NHL: Pittsburgh awansował do finału Eastern Conference

Dzięki bramce Dariusa Kasparaitisa i zwycięstwu w dogrywce nad Buffalo Sabres 3:2 hokeiści Pittsburgh Penguins awansowali do finału Eastern Conference. Spotkają się tam z obrońcami Pucharu Stanleya New Jersey Devils. W finale Western Conference zagrają Colorado Avalanche z St. Louis Blues.

NHL: Pittsburgh awansował do finału Eastern Conference

Dzięki bramce Dariusa Kasparaitisa i zwycięstwu w dogrywce nad Buffalo Sabres 3:2 hokeiści Pittsburgh Penguins awansowali do finału Eastern Conference. Spotkają się tam z obrońcami Pucharu Stanleya New Jersey Devils. W finale Western Conference zagrają Colorado Avalanche z St. Louis Blues.

Kasparaitis, zawsze twardo grający obrońca zdobył pierwszego gola w play off od roku. Otrzymał podanie od Roberta Langa i pokonał bramkarza Buffalo słynnego Dominika Haszka, strzałem z najbliższej odległości. Krążek odbił się jeszcze od zaskoczonego "Dominatora". Jednym z gratulujących Kasparaitisowi był Mario Lemieux, który wrócił do gry po ponad trzyletniej przerwie. Dzięki Kasparaitisowi Penguins znajdą się w finale Eastern Conference po raz pierwszy od 1996 roku.

To był dramatyczny, decydujący o awansie, siódmy mecz serii.

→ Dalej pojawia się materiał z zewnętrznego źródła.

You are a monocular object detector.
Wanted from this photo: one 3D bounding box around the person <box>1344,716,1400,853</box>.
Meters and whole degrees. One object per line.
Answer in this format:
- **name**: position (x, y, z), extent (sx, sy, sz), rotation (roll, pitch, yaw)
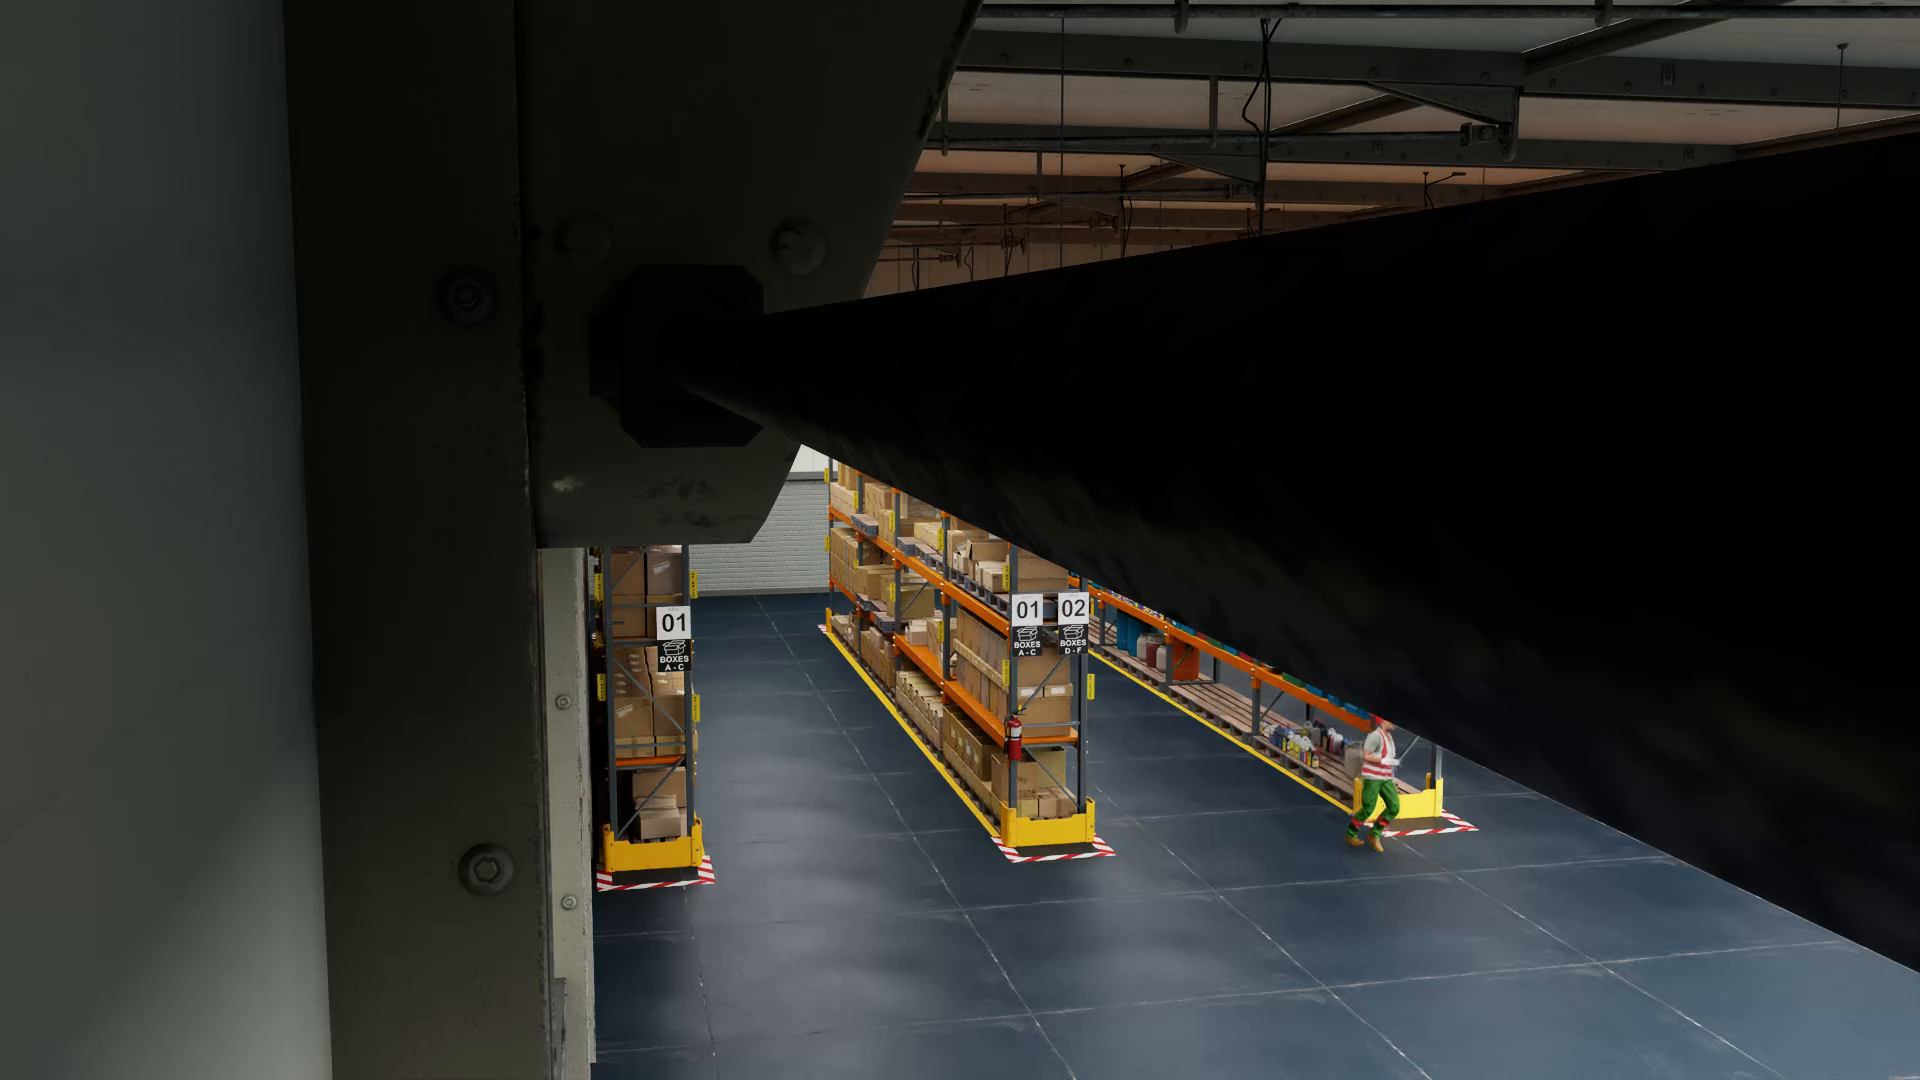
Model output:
- **person**: position (5.272, 3.002, 20.830), extent (0.661, 1.773, 0.678), rotation (-6, 9, -39)
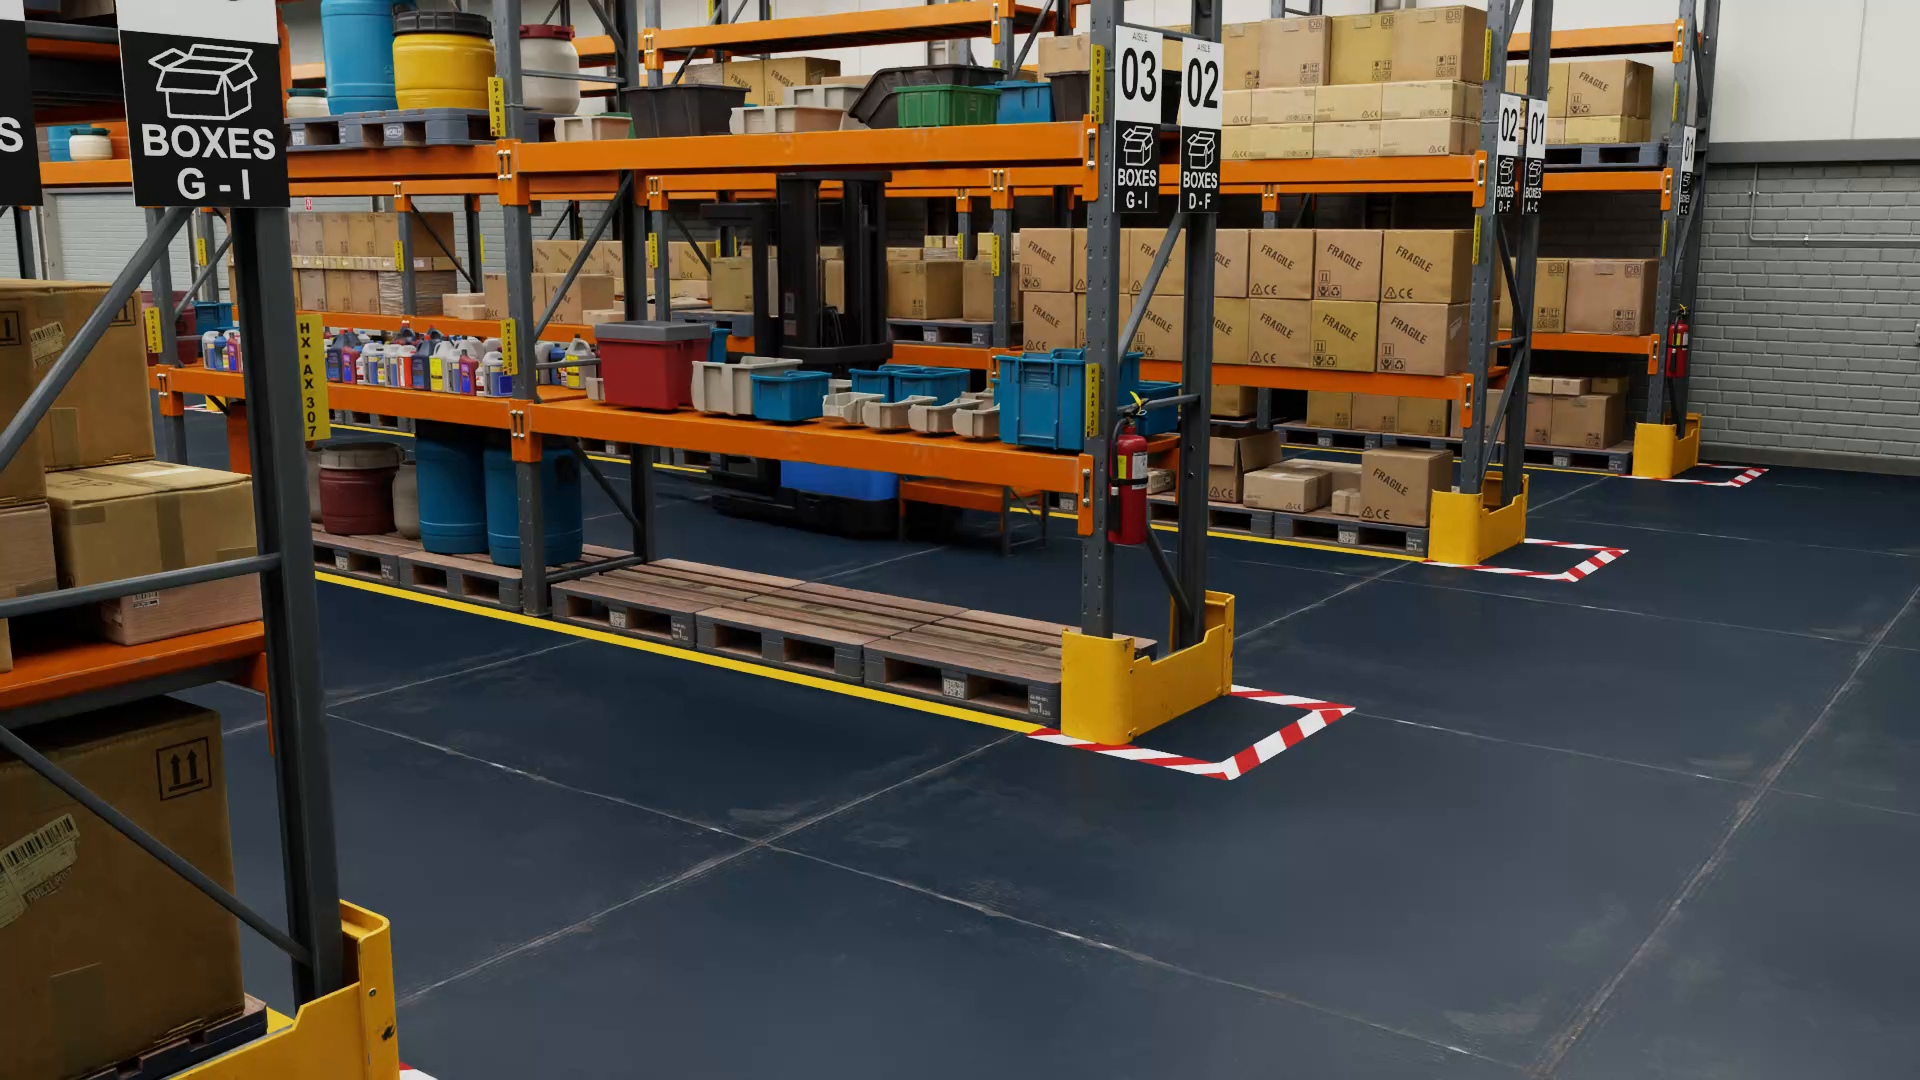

Jaromir Jagr ani razu nie oddał strzału, ale pomógł w wypracowaniu trzech bramek dla Pittsburgha.

Sabres całą wakacyjną przerwę będą mogli poświęcić na przemyślenia jak stracili prowadzenie w ostatnich dwóch meczach za każdym razem w trzeciej kwarcie i o straconych dwóch bramkach w dogrywce. Byli 78 sekund od wyeliminowania Penguins we wtorek, ale Mario Lemieux wyrównał i doprowadził do dogrywki, w której gola zdobył Martin Straka.

Wczoraj Buffalo hokeiści objęli prowadzenie 2:1 32 sekundy po rozpoczęciu trzeciej tercji, ale 11 minut przed końcem wyrównał Lang, doprowadzając do trzeciej dogrywki z rzędu w tej rywalizacji.

- To najwspanialszy gol w mojej karierze - powiedział Kasparaitis. - Fakt, nie jestem łowcą bramek, to nie moja robota.

- Byliśmy wielcy. Kasper [Kasparaitis] nie jest tutaj dla swoich ofensywnych talentów, ale jak zobaczył swoją szansę, wykorzystał ją.

- Zrobiliśmy kilka zaskakujących manewrów. Obrońca Andrew Ference grał podczas przewagi jako napastnik i zdobył gola. W trzeciej tercji rozdzieliliśmy atak Lemieux-Jagr. Mario zaczął grać z Aleksiejem Kowaliowem, a Jaromir z Martinem Straką i Langiem. I to też zadziałało. To wspaniałe uczucie doprowadzić do takiego sukcesu w pierwszym roku pracy jako trener - powiedział szkoleniowiec Pittsburgha Ivan Hlinka.